Fueled by cheap money and ready buyers of syndicated debt, the leveraged buyout market boomed until last summer, when the subprime mortgage collapse froze debt markets. That left banks that arranged deal financing unable to sell tens of billions of dollars in LBO debt, or "leveraged loans," stalling their ability to arrange new deals.

Now after billions of dollars in write-downs on declining values for their unsold inventory of loans, banks are beginning to slash the prices -- sometimes more than 10 percent off face values.
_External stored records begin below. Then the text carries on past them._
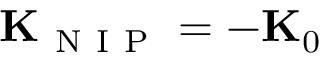<formula> <loc_0><loc_0><loc_500><loc_500>{ K } _ { N I P } = - { K } _ { 0 }</formula> 
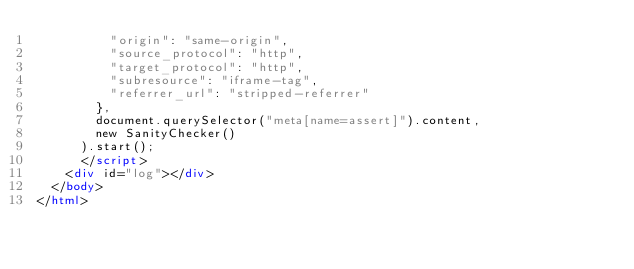<code> <loc_0><loc_0><loc_500><loc_500><_HTML_>          "origin": "same-origin",
          "source_protocol": "http",
          "target_protocol": "http",
          "subresource": "iframe-tag",
          "referrer_url": "stripped-referrer"
        },
        document.querySelector("meta[name=assert]").content,
        new SanityChecker()
      ).start();
      </script>
    <div id="log"></div>
  </body>
</html>
</code> 
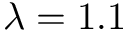Convert formula to latex. <formula><loc_0><loc_0><loc_500><loc_500>\lambda = 1 . 1</formula> 
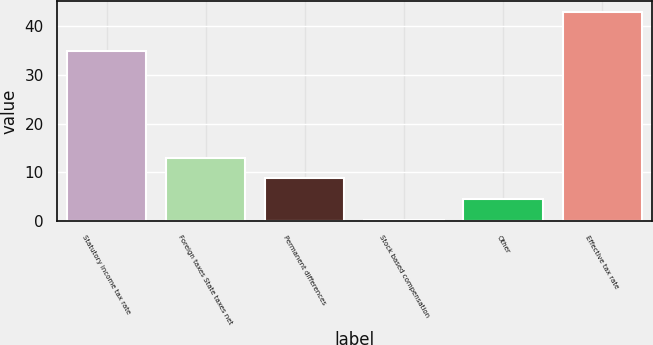<chart> <loc_0><loc_0><loc_500><loc_500><bar_chart><fcel>Statutory income tax rate<fcel>Foreign taxes State taxes net<fcel>Permanent differences<fcel>Stock based compensation<fcel>Other<fcel>Effective tax rate<nl><fcel>35<fcel>13.04<fcel>8.76<fcel>0.2<fcel>4.48<fcel>43<nl></chart> 
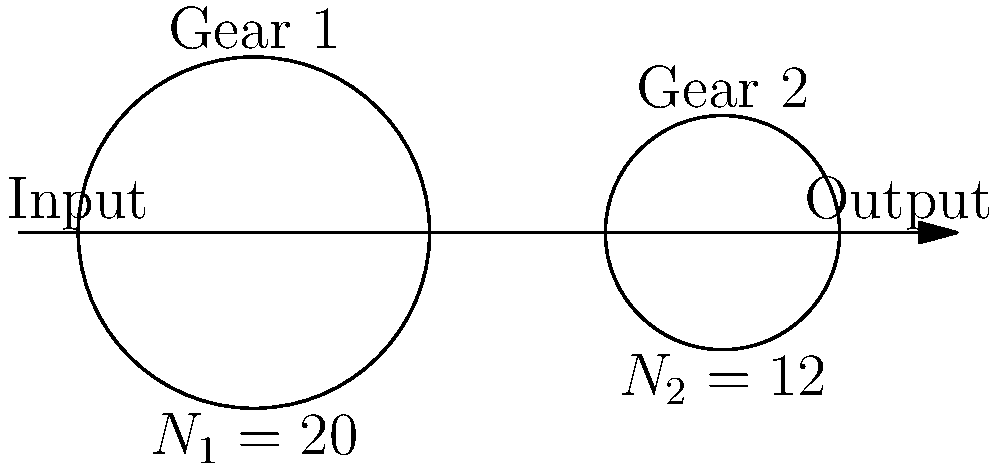In the simple gear train shown above, Gear 1 has 20 teeth and Gear 2 has 12 teeth. If the input torque on Gear 1 is 100 Nm, what is the output torque on Gear 2? How does this relate to the concept of mechanical advantage in gear systems? To solve this problem, we'll follow these steps:

1. Calculate the gear ratio:
   The gear ratio is defined as the ratio of the number of teeth on the output gear to the number of teeth on the input gear.
   Gear ratio = $\frac{N_2}{N_1} = \frac{12}{20} = 0.6$

2. Understand the relationship between gear ratio and torque:
   In a simple gear train, the ratio of output torque to input torque is inversely proportional to the gear ratio.
   $\frac{T_\text{out}}{T_\text{in}} = \frac{N_1}{N_2}$

3. Calculate the output torque:
   $T_\text{out} = T_\text{in} \times \frac{N_1}{N_2} = 100 \text{ Nm} \times \frac{20}{12} = 166.67 \text{ Nm}$

4. Relate to mechanical advantage:
   Mechanical advantage (MA) in a gear system is the ratio of output force (or torque) to input force (or torque).
   MA = $\frac{T_\text{out}}{T_\text{in}} = \frac{166.67}{100} = 1.67$

This result demonstrates that the simple gear train provides a mechanical advantage of 1.67, meaning it amplifies the input torque by a factor of 1.67. This is achieved by trading off speed for torque, as the output gear will rotate more slowly than the input gear.
Answer: Output torque: 166.67 Nm; Mechanical advantage: 1.67 
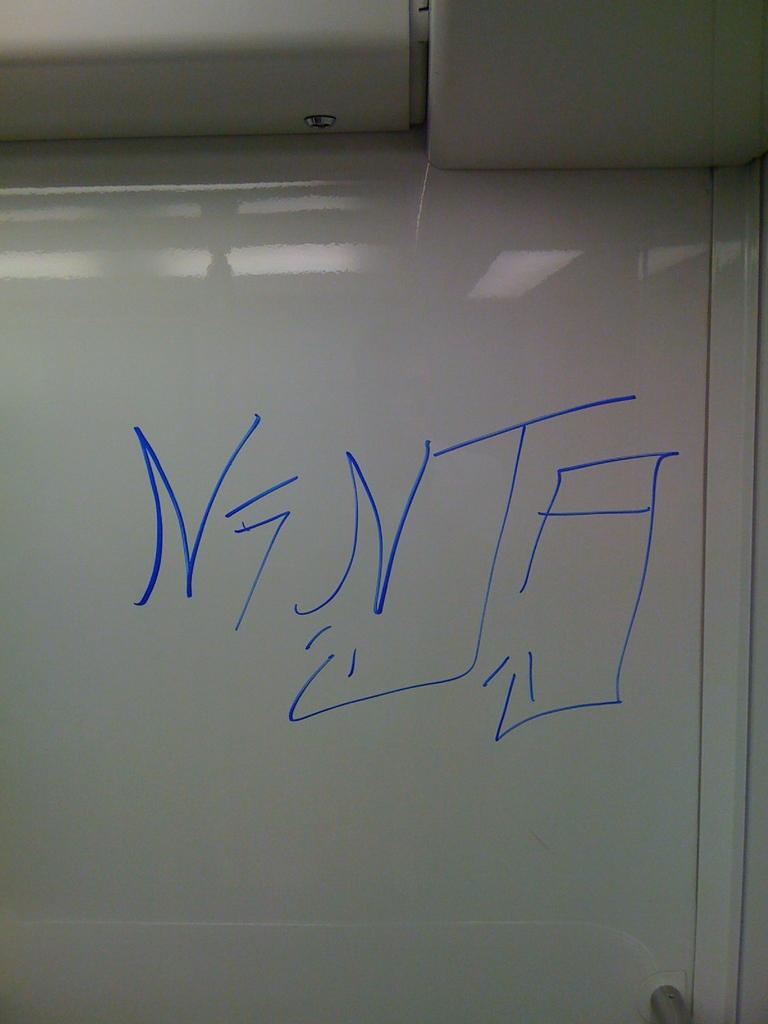<image>
Create a compact narrative representing the image presented. someone drew NINJA on a whiteboard with blue marker

This is prompting buyers, particularly hedge funds, to start looking anew at the debt.

But some experts told the Reuters summit it will take more than just clearing out a backlog of debt to start banks' lucrative buyout machinery again.

They will also have to fix the failed risk controls that led to the creation of toxic CDOs, CLOs and other structured debt securities whose values plummeted when mortgages began defaulting, ultimately causing the collapse of investment bank Bear Stearns Cos Inc BSC.N.

"Just because the banks sell down their leveraged loans doesn't mean they all of a sudden become lenders again," said Bruce Richards, chief executive of the $11.5 billion Marathon Asset Management, an active buyer of distressed debt in all forms. "You have to fix the machine and get the business restarted."

Lawrence Schloss, founder of Diamond Castle Holdings, a $2 billion buyout fund that relies on debt to finance deals, said he expects the market to recover, but slowly.

"They'll move the LBO debt out, but that doesn't mean it will turn around the way it was," said Schloss, calling the financing system "constipated."

"You'll turn it on in smaller units," he said.

Still, one investment banker is optimistic the debt markets will recover enough in coming months for the banks to start underwriting significant buyout deals.

"I feel pretty good we will see capital underwriting by Labor Day," said Mark Epley, head of the financial sponsors group at Deutsche Bank (DBKGn.DE), which helps arrange buyout deals.